### Problem to work on
Using the records below, quote only the span that opens with the line containing "text Voor aanvang" and closes with the line containing "text de beschikking", exactly and inclusively.

START Records supplied

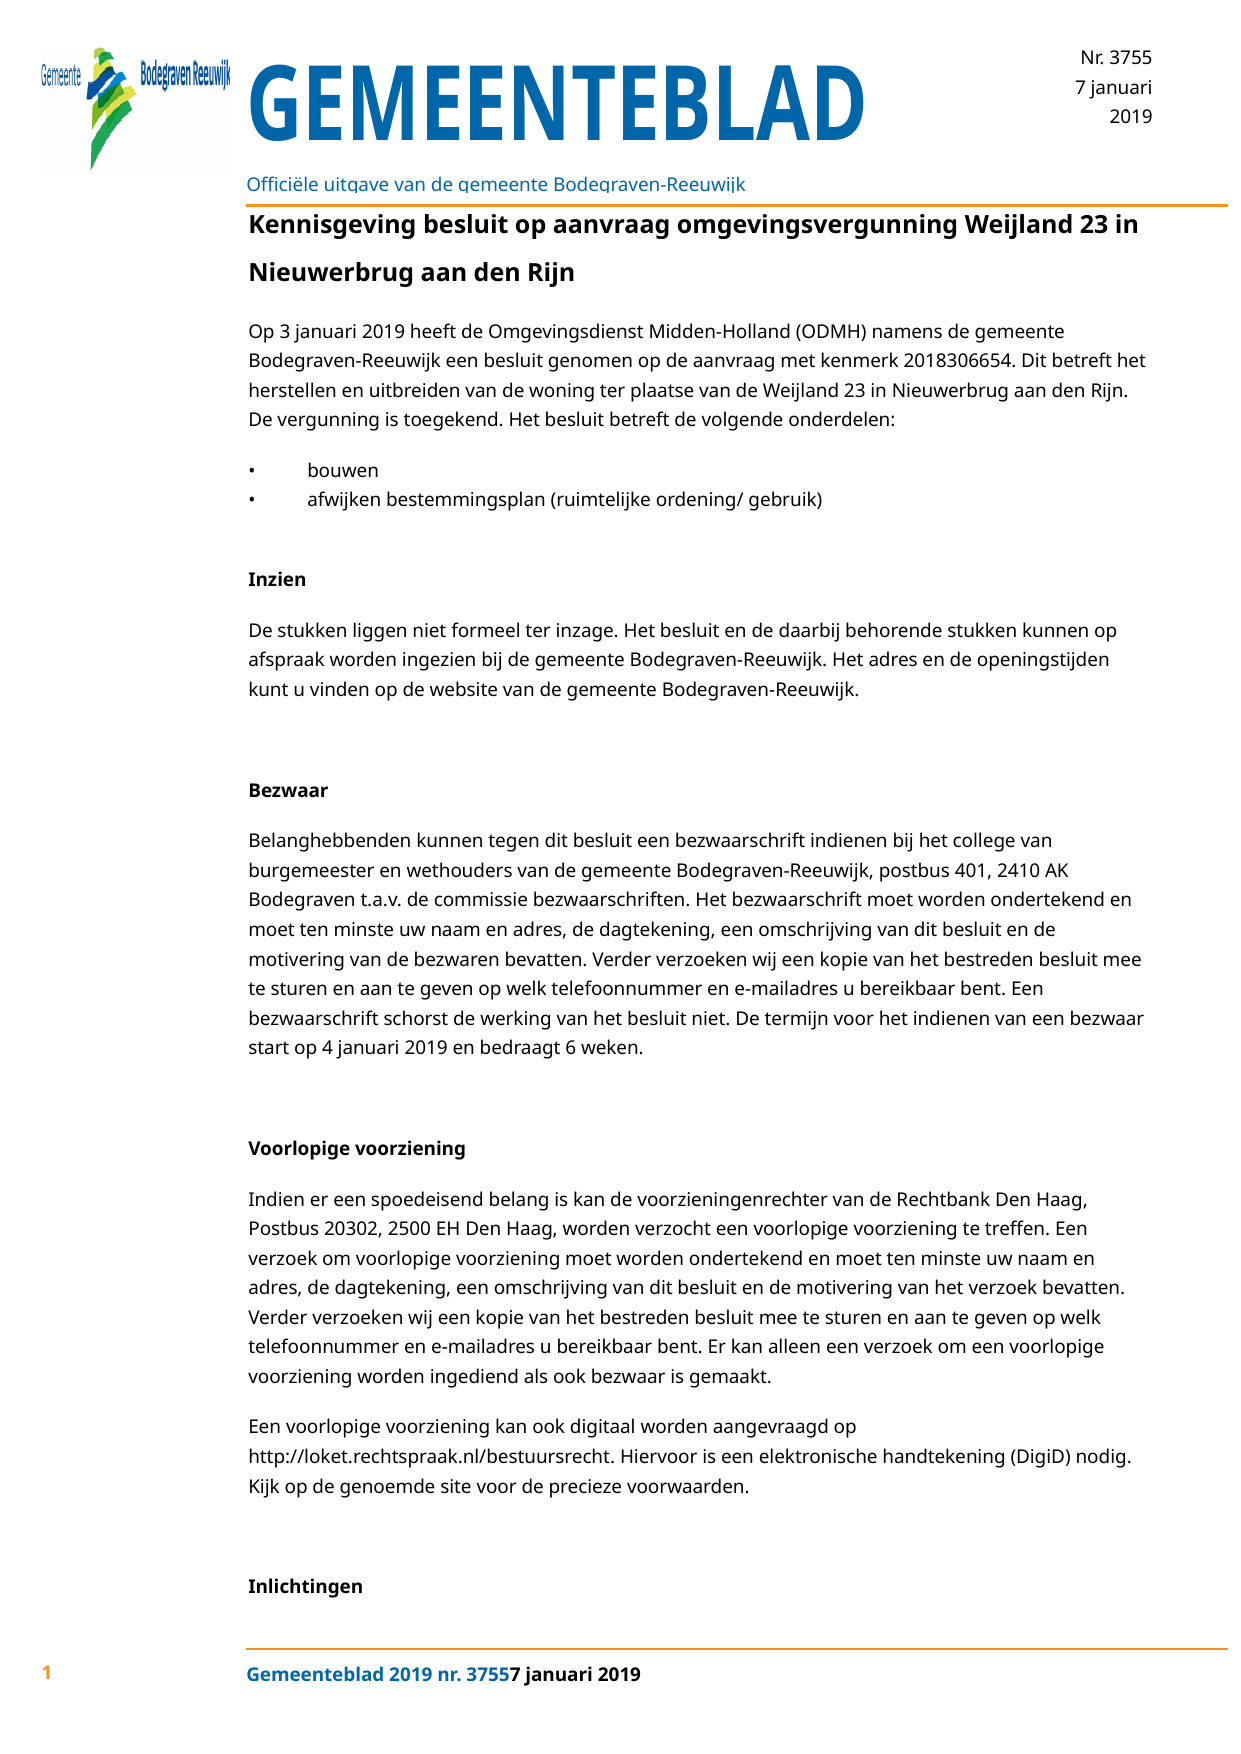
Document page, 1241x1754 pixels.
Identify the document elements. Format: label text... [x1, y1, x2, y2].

text Bezwaar [248, 777, 1152, 803]
text Belanghebbenden kunnen tegen dit besluit een bezwaarschrift indienen bij het college van burgemeester en wethouders van de gemeente Bodegraven-Reeuwijk, postbus 401, 2410 AK Bodegraven t.a.v. de commissie bezwaarschriften. Het bezwaarschrift moet worden ondertekend en moet ten minste uw naam en adres, de dagtekening, een omschrijving van dit besluit en de motivering van de bezwaren bevatten. Verder verzoeken wij een kopie van het bestreden besluit mee te sturen en aan te geven op welk telefoonnummer en e-mailadres u bereikbaar bent. Een bezwaarschrift schorst de werking van het besluit niet. De termijn voor het indienen van een bezwaar start op 4 januari 2019 en bedraagt 6 weken. [248, 827, 1152, 1060]
text Een voorlopige voorziening kan ook digitaal worden aangevraagd op http://loket.rechtspraak.nl/bestuursrecht. Hiervoor is een elektronische handtekening (DigiD) nodig. Kijk op de genoemde site voor de precieze voorwaarden. [248, 1414, 1152, 1499]
text Voorlopige voorziening [248, 1135, 1152, 1161]
text Kennisgeving besluit op aanvraag omgevingsvergunning Weijland 23 in Nieuwerbrug aan den Rijn [248, 207, 1152, 288]
list bouwen [248, 457, 1152, 483]
text Indien er een spoedeisend belang is kan de voorzieningenrechter van de Rechtbank Den Haag, Postbus 20302, 2500 EH Den Haag, worden verzocht een voorlopige voorziening te treffen. Een verzoek om voorlopige voorziening moet worden ondertekend en moet ten minste uw naam en adres, de dagtekening, een omschrijving van dit besluit en de motivering van het verzoek bevatten. Verder verzoeken wij een kopie van het bestreden besluit mee te sturen en aan te geven op welk telefoonnummer en e-mailadres u bereikbaar bent. Er kan alleen een verzoek om een voorlopige voorziening worden ingediend als ook bezwaar is gemaakt. [248, 1186, 1152, 1389]
text De stukken liggen niet formeel ter inzage. Het besluit en de daarbij behorende stukken kunnen op afspraak worden ingezien bij de gemeente Bodegraven-Reeuwijk. Het adres en de openingstijden kunt u vinden op de website van de gemeente Bodegraven-Reeuwijk. [248, 617, 1152, 702]
text Inlichtingen [248, 1574, 1152, 1599]
text Inzien [248, 567, 1152, 592]
list afwijken bestemmingsplan (ruimtelijke ordening/ gebruik) [248, 487, 1152, 512]
text Op 3 januari 2019 heeft de Omgevingsdienst Midden-Holland (ODMH) namens de gemeente Bodegraven-Reeuwijk een besluit genomen op de aanvraag met kenmerk 2018306654. Dit betreft het herstellen en uitbreiden van de woning ter plaatse van de Weijland 23 in Nieuwerbrug aan den Rijn. De vergunning is toegekend. Het besluit betreft de volgende onderdelen: [248, 318, 1152, 432]
picture [41, 47, 231, 172]
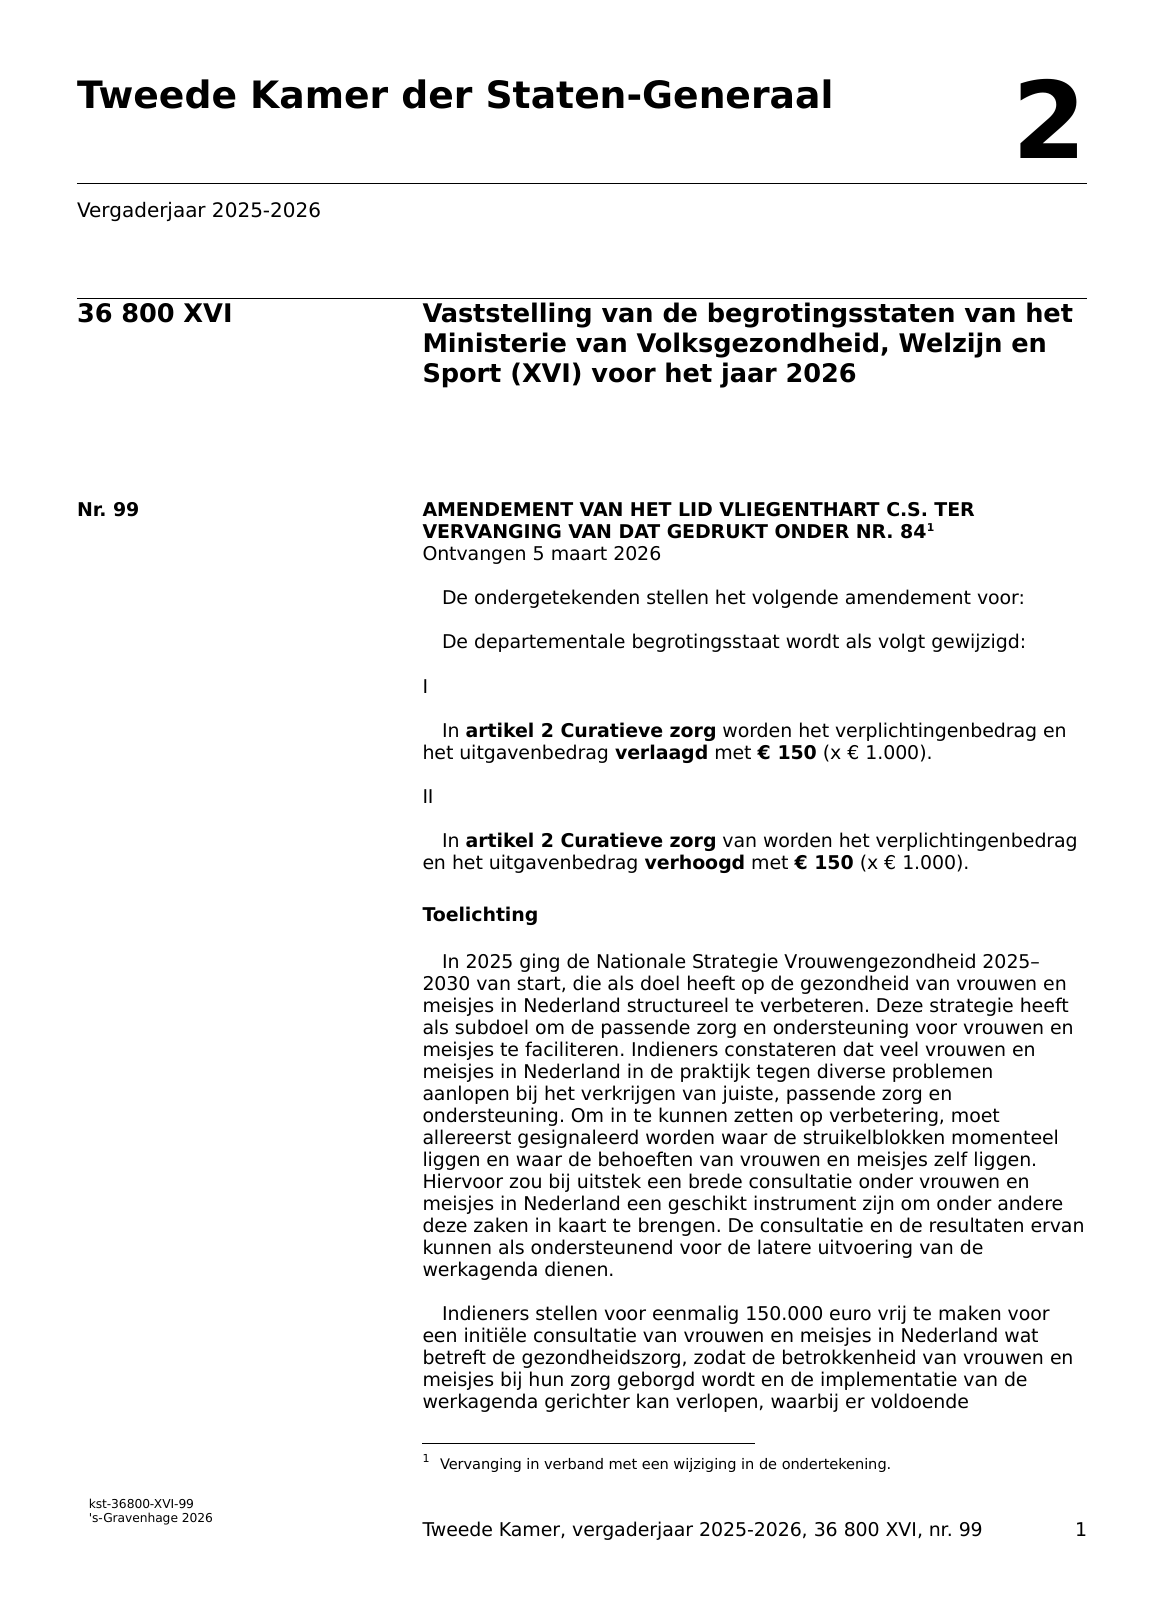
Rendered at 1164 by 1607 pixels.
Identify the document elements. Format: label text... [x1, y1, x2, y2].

text Ontvangen 5 maart 2026 [422, 543, 1087, 565]
text In artikel 2 Curatieve zorg worden het verplichtingenbedrag en het uitgavenbedrag verlaagd met € 150 (x € 1.000). [422, 720, 1087, 764]
table_header 2 [886, 59, 1087, 183]
table_cell Vergaderjaar 2025-2026 [77, 184, 1087, 298]
text 's-Gravenhage 2026 [88, 1511, 323, 1525]
text De departementale begrotingsstaat wordt als volgt gewijzigd: [422, 631, 1087, 653]
text De ondergetekenden stellen het volgende amendement voor: [422, 587, 1087, 609]
text Indieners stellen voor eenmalig 150.000 euro vrij te maken voor een initiële consultatie van vrouwen en meisjes in Nederland wat betreft de gezondheidszorg, zodat de betrokkenheid van vrouwen en meisjes bij hun zorg geborgd wordt en de implementatie van de werkagenda gerichter kan verlopen, waarbij er voldoende [422, 1303, 1087, 1413]
text In artikel 2 Curatieve zorg van worden het verplichtingenbedrag en het uitgavenbedrag verhoogd met € 150 (x € 1.000). [422, 830, 1087, 874]
text II [422, 786, 1087, 808]
text Vervanging in verband met een wijziging in de ondertekening. [422, 1452, 1087, 1474]
table_header Tweede Kamer der Staten-Generaal [77, 59, 886, 183]
subtitle Toelichting [422, 904, 1087, 926]
text I [422, 676, 1087, 697]
text kst-36800-XVI-99 [88, 1497, 323, 1511]
subtitle Nr. 99 AMENDEMENT VAN HET LID VLIEGENTHART C.S. TER VERVANGING VAN DAT GEDRUKT ONDER NR. 84 [77, 499, 1087, 543]
text In 2025 ging de Nationale Strategie Vrouwengezondheid 2025–2030 van start, die als doel heeft op de gezondheid van vrouwen en meisjes in Nederland structureel te verbeteren. Deze strategie heeft als subdoel om de passende zorg en ondersteuning voor vrouwen en meisjes te faciliteren. Indieners constateren dat veel vrouwen en meisjes in Nederland in de praktijk tegen diverse problemen aanlopen bij het verkrijgen van juiste, passende zorg en ondersteuning. Om in te kunnen zetten op verbetering, moet allereerst gesignaleerd worden waar de struikelblokken momenteel liggen en waar de behoeften van vrouwen en meisjes zelf liggen. Hiervoor zou bij uitstek een brede consultatie onder vrouwen en meisjes in Nederland een geschikt instrument zijn om onder andere deze zaken in kaart te brengen. De consultatie en de resultaten ervan kunnen als ondersteunend voor de latere uitvoering van de werkagenda dienen. [422, 951, 1087, 1281]
subtitle 36 800 XVI Vaststelling van de begrotingsstaten van het Ministerie van Volksgezondheid, Welzijn en Sport (XVI) voor het jaar 2026 [77, 299, 1087, 388]
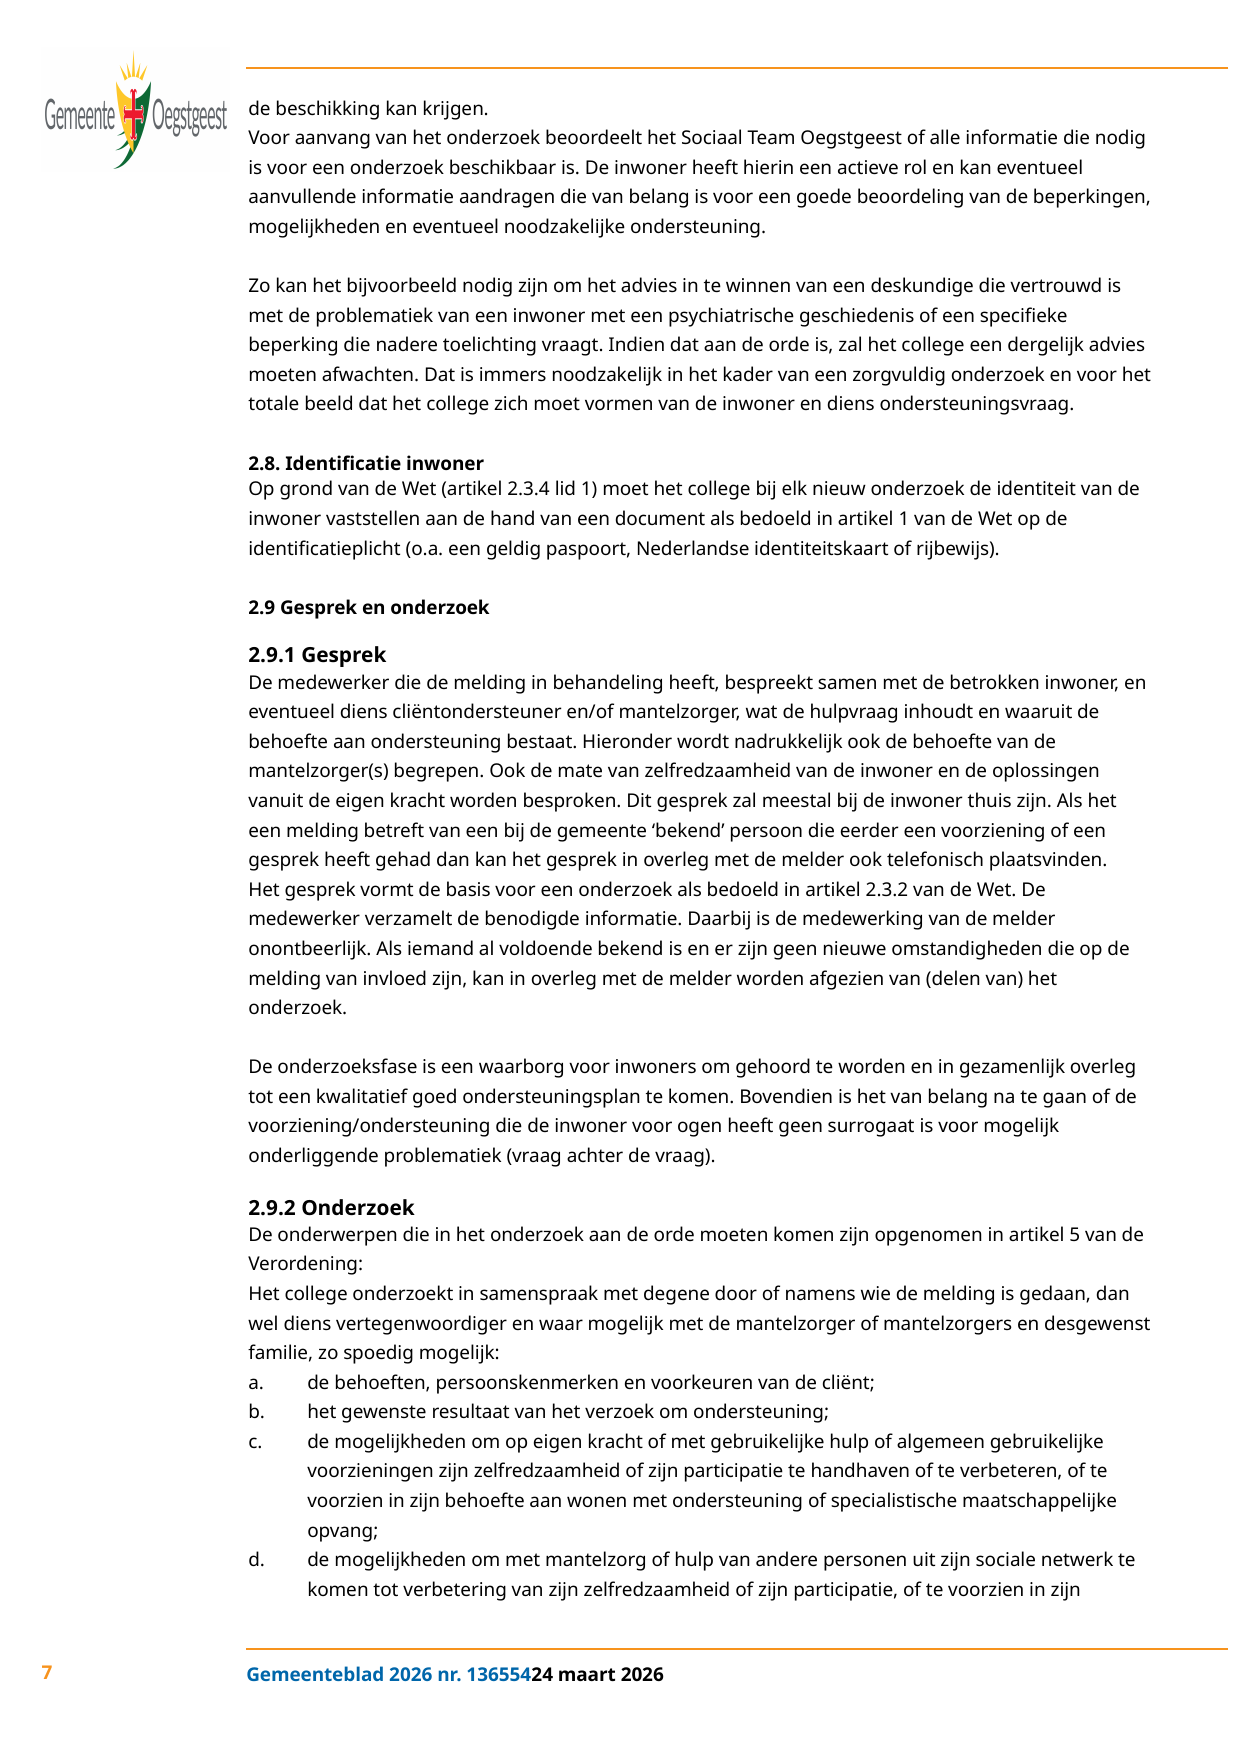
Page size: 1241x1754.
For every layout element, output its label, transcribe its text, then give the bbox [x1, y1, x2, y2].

text Op grond van de Wet (artikel 2.3.4 lid 1) moet het college bij elk nieuw onderzoek de identiteit van de inwoner vaststellen aan de hand van een document als bedoeld in artikel 1 van de Wet op de identificatieplicht (o.a. een geldig paspoort, Nederlandse identiteitskaart of rijbewijs). [248, 476, 1152, 560]
list de mogelijkheden om met mantelzorg of hulp van andere personen uit zijn sociale netwerk te komen tot verbetering van zijn zelfredzaamheid of zijn participatie, of te voorzien in zijn [248, 1546, 1152, 1602]
text Voor aanvang van het onderzoek beoordeelt het Sociaal Team Oegstgeest of alle informatie die nodig is voor een onderzoek beschikbaar is. De inwoner heeft hierin een actieve rol en kan eventueel aanvullende informatie aandragen die van belang is voor een goede beoordeling van de beperkingen, mogelijkheden en eventueel noodzakelijke ondersteuning. [248, 124, 1152, 239]
text 2.9.2 Onderzoek [248, 1193, 1152, 1221]
picture [41, 47, 231, 172]
text 2.9.1 Gesprek [248, 640, 1152, 669]
text De onderzoeksfase is een waarborg voor inwoners om gehoord te worden en in gezamenlijk overleg tot een kwalitatief goed ondersteuningsplan te komen. Bovendien is het van belang na te gaan of de voorziening/ondersteuning die de inwoner voor ogen heeft geen surrogaat is voor mogelijk onderliggende problematiek (vraag achter de vraag). [248, 1053, 1152, 1168]
list het gewenste resultaat van het verzoek om ondersteuning; [248, 1398, 1152, 1424]
text de beschikking kan krijgen. [248, 95, 1152, 121]
text Het college onderzoekt in samenspraak met degene door of namens wie de melding is gedaan, dan wel diens vertegenwoordiger en waar mogelijk met de mantelzorger of mantelzorgers en desgewenst familie, zo spoedig mogelijk: [248, 1280, 1152, 1365]
text De onderwerpen die in het onderzoek aan de orde moeten komen zijn opgenomen in artikel 5 van de Verordening: [248, 1221, 1152, 1276]
text Het gesprek vormt de basis voor een onderzoek als bedoeld in artikel 2.3.2 van de Wet. De medewerker verzamelt de benodigde informatie. Daarbij is de medewerking van de melder onontbeerlijk. Als iemand al voldoende bekend is en er zijn geen nieuwe omstandigheden die op de melding van invloed zijn, kan in overleg met de melder worden afgezien van (delen van) het onderzoek. [248, 876, 1152, 1020]
text 2.9 Gesprek en onderzoek [248, 594, 1152, 619]
text De medewerker die de melding in behandeling heeft, bespreekt samen met de betrokken inwoner, en eventueel diens cliëntondersteuner en/of mantelzorger, wat de hulpvraag inhoudt en waaruit de behoefte aan ondersteuning bestaat. Hieronder wordt nadrukkelijk ook de behoefte van de mantelzorger(s) begrepen. Ook de mate van zelfredzaamheid van de inwoner en de oplossingen vanuit de eigen kracht worden besproken. Dit gesprek zal meestal bij de inwoner thuis zijn. Als het een melding betreft van een bij de gemeente ‘bekend’ persoon die eerder een voorziening of een gesprek heeft gehad dan kan het gesprek in overleg met de melder ook telefonisch plaatsvinden. [248, 669, 1152, 872]
list de mogelijkheden om op eigen kracht of met gebruikelijke hulp of algemeen gebruikelijke voorzieningen zijn zelfredzaamheid of zijn participatie te handhaven of te verbeteren, of te voorzien in zijn behoefte aan wonen met ondersteuning of specialistische maatschappelijke opvang; [248, 1428, 1152, 1543]
text Zo kan het bijvoorbeeld nodig zijn om het advies in te winnen van een deskundige die vertrouwd is met de problematiek van een inwoner met een psychiatrische geschiedenis of een specifieke beperking die nadere toelichting vraagt. Indien dat aan de orde is, zal het college een dergelijk advies moeten afwachten. Dat is immers noodzakelijk in het kader van een zorgvuldig onderzoek en voor het totale beeld dat het college zich moet vormen van de inwoner en diens ondersteuningsvraag. [248, 272, 1152, 416]
text 2.8. Identificatie inwoner [248, 450, 1152, 476]
list de behoeften, persoonskenmerken en voorkeuren van de cliënt; [248, 1369, 1152, 1395]

END Records supplied

### Task response
text Voor aanvang van het onderzoek beoordeelt het Sociaal Team Oegstgeest of alle informatie die nodig is voor een onderzoek beschikbaar is. De inwoner heeft hierin een actieve rol en kan eventueel aanvullende informatie aandragen die van belang is voor een goede beoordeling van de beperkingen, mogelijkheden en eventueel noodzakelijke ondersteuning. [248, 124, 1152, 239]
text 2.9.2 Onderzoek [248, 1193, 1152, 1221]
picture [41, 47, 231, 172]
text 2.9.1 Gesprek [248, 640, 1152, 669]
text De onderzoeksfase is een waarborg voor inwoners om gehoord te worden en in gezamenlijk overleg tot een kwalitatief goed ondersteuningsplan te komen. Bovendien is het van belang na te gaan of de voorziening/ondersteuning die de inwoner voor ogen heeft geen surrogaat is voor mogelijk onderliggende problematiek (vraag achter de vraag). [248, 1053, 1152, 1168]
list het gewenste resultaat van het verzoek om ondersteuning; [248, 1398, 1152, 1424]
text de beschikking kan krijgen. [248, 95, 1152, 121]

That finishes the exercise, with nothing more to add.